La persona peggiore del mondo di Joachim Trier e la rischiosa arte della divagazione

Julie si avvicina ai trent’anni ma il senso di irrequietezza che da sempre la accompagna non sembra essersi affievolito. Brillante ma incostante, ha lasciato gli studi in medicina per abbracciare la psicologia – affascinata più dall’anima che dal corpo – per poi finire a reinventarsi come fotografa, perché si sente una “persona visuale”. Insomma, una dilettante in continuo divenire, una che desidera trovare un posto nel mondo provandone cento, agendo su di sé con accumuli di esperienze. L’unico apparente baricentro nella sua vita dissipata è Aksel, un disegnatore di fumetti underground, più grande di età e più certo delle proprie convinzioni.

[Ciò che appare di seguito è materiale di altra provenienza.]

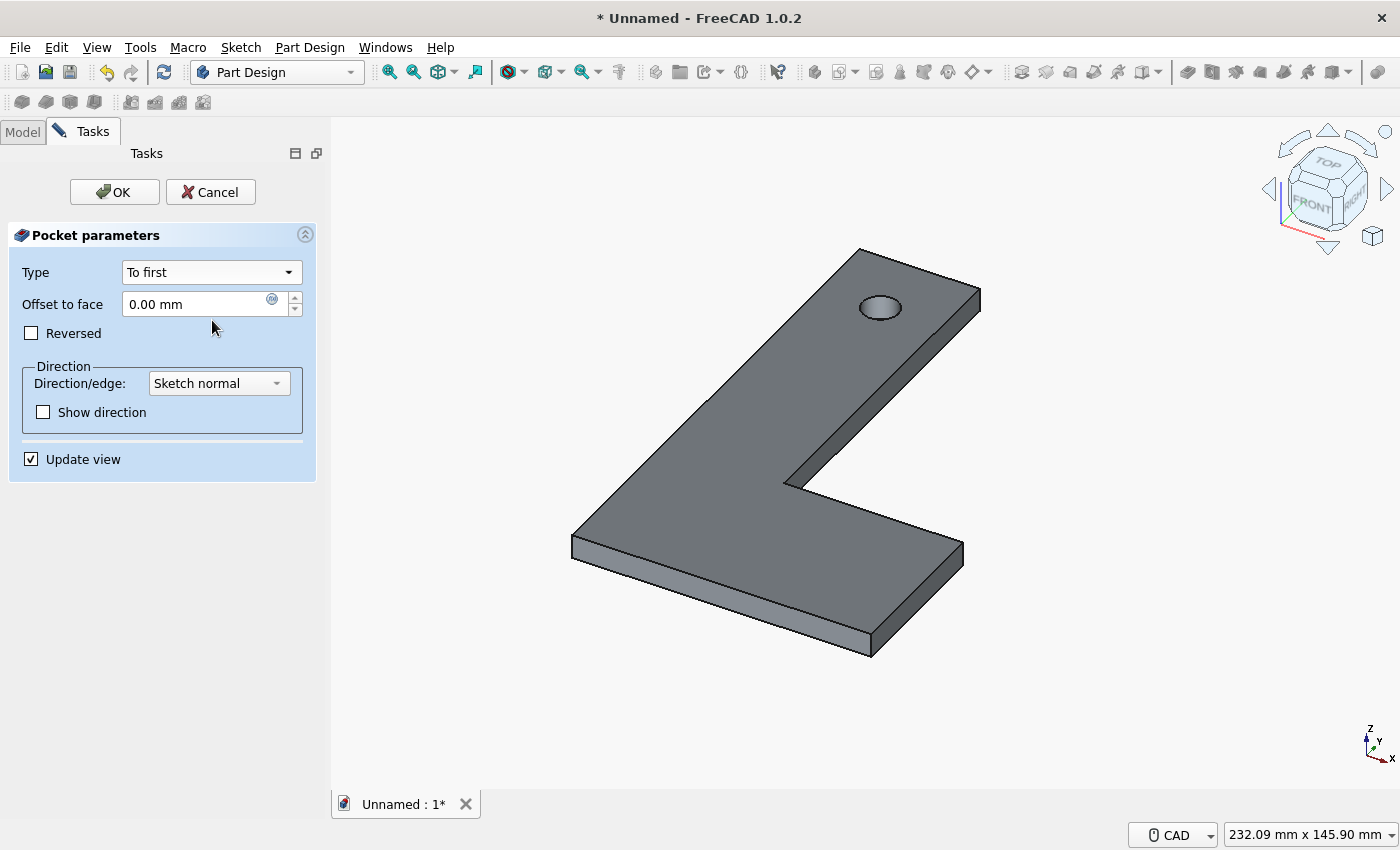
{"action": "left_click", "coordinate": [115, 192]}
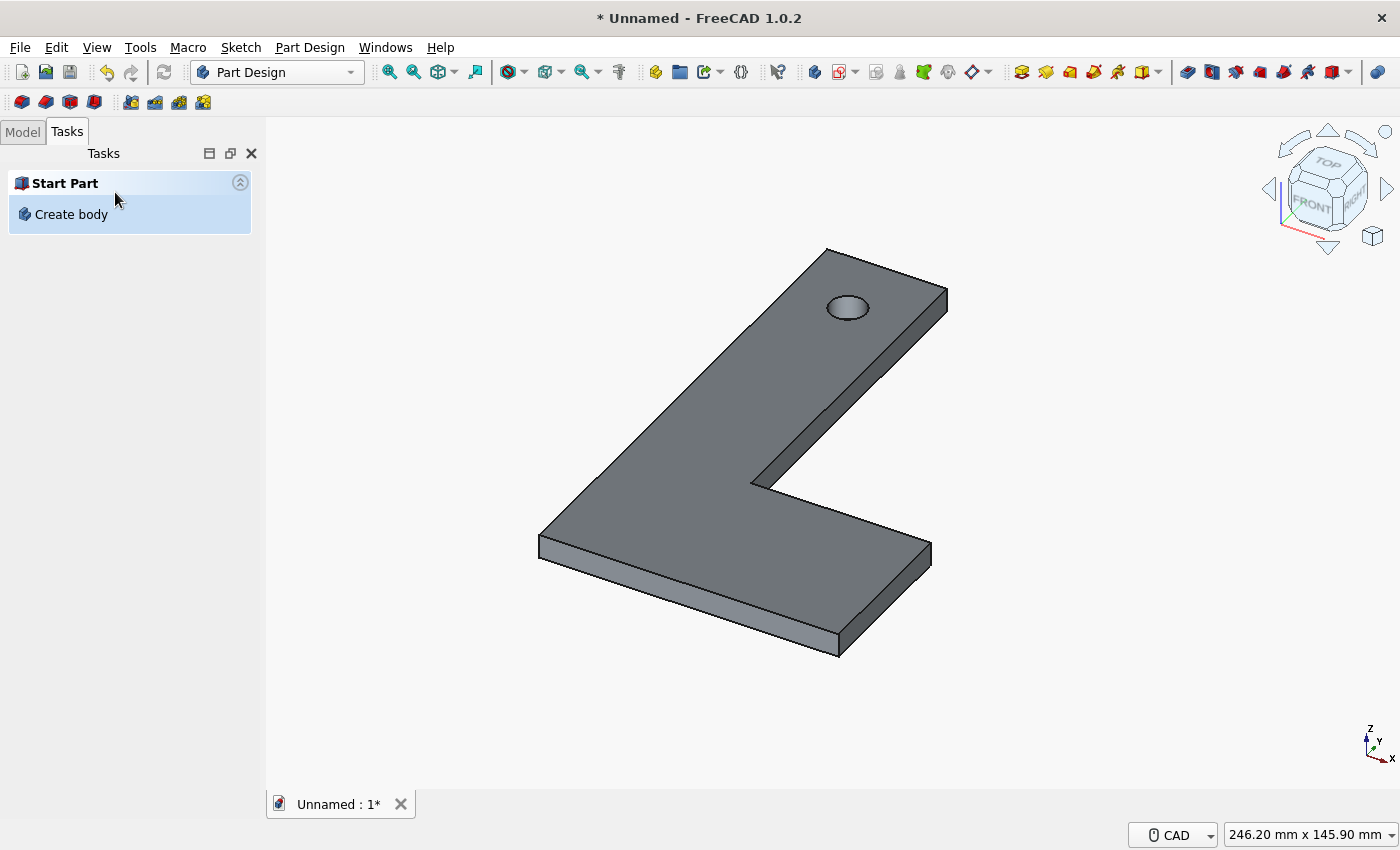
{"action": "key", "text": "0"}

Ma presto anche Aksel, soprattutto quando inizia a proporre prospettive di figli e stabilità familiare, comincia a starle stretto, a soffocarla, a porla di fronte a scelte che Julie preferisce rimandare per esorcizzare lo scorrere del tempo. E Julie affronta anche questa crisi come sempre ha fatto: imboccando una porta girevole, entrando a una festa di sconosciuti e iniziando un gioco di seduzione con un giovane uomo di cui ancora non sa il nome. Altro giro, altra corsa, e la vita può continuare. Joachim Trier con The Worst Person in the World  (a Cannes74) conclude la sua trilogia di Oslo – iniziata con Reprise e continuata con Oslo, 31. August – portandola su toni apparentemente più lievi, costruendo un romanzo di mancata formazione su un personaggio femminile volubile e forte, contraddittorio eppure vitalissimo.

 

 

I modelli sembrano essere addirittura quelli della commedia classica americana, con opportune declinazioni e dilatazioni di tempi e ritmi. Il film usa dei meccanismi tradizionali – la suddivisione in capitoli, la voce over – per poi ribaltarli dall’interno e trovare un proprio ritmo, una voce narrativa. Alterna toni da romantic comedy a momenti di puro cinema esistenziale, strappa una risata per poi rincorrere l’umoralità spigolosa di Julie. Al centro di questa ronde sghemba e costantemente fuori tempo c’è sempre lei, Julie – Renate Reinsve, magnetica nel suo continuo movimento a vuoto -, giovane donna che cercando la perfezione si autorelega a una sorta di perenne dilettantismo, nella vita e nei sentimenti. Julie è alla continua ricerca di approvazione pur manifestando, anzi ostentando, la propria indipendenza; affronta le relazioni familiari con un sarcasmo che nasconde profonde fragilità; in amore sembra sempre comandare subendo invece l’egocentrismo di chi la circonda, che a volte si dimostra ancora maggiore del suo.

 

 

Trier non ha paura di cambiare registro, di osare scene che mescolano allucinazioni lisergiche e animazioni volgari, sogni e incubi, sesso e dialoghi sentimentali. Il filo a volte si perde, l’arte della divagazione comporta dei rischi, il quadro ogni tanto si sfoca. Ma il centro emotivo del film, l’imprendibile Julie, è un personaggio che non si dimentica, capace di costruire un contatto di empatico nervosismo con chiunque la sfiori, compresi noi spettatori. Perché, pur sentendosi in perenne controtempo, pur lasciando macerie relazionali ogni volta che si affida alla sua cronica insoddisfazione, pur non salvando o potendo salvare nessuno, neanche se stessa, Julie non è certo “la peggiore persona del mondo” ma è solo una giovane donna che cerca di rimettersi in pari con la propria vita, che si paralizza nel disperato tentativo di recuperare il tempo perso, che crede nell’ironia ma accetta il dramma, che subisce il giudizio degli altri nell’impossibilità di accettare quello di se stessa. Insomma: Julie, con i suoi pregi lampanti e i suoi grossolani difetti, è in fondo una di noi.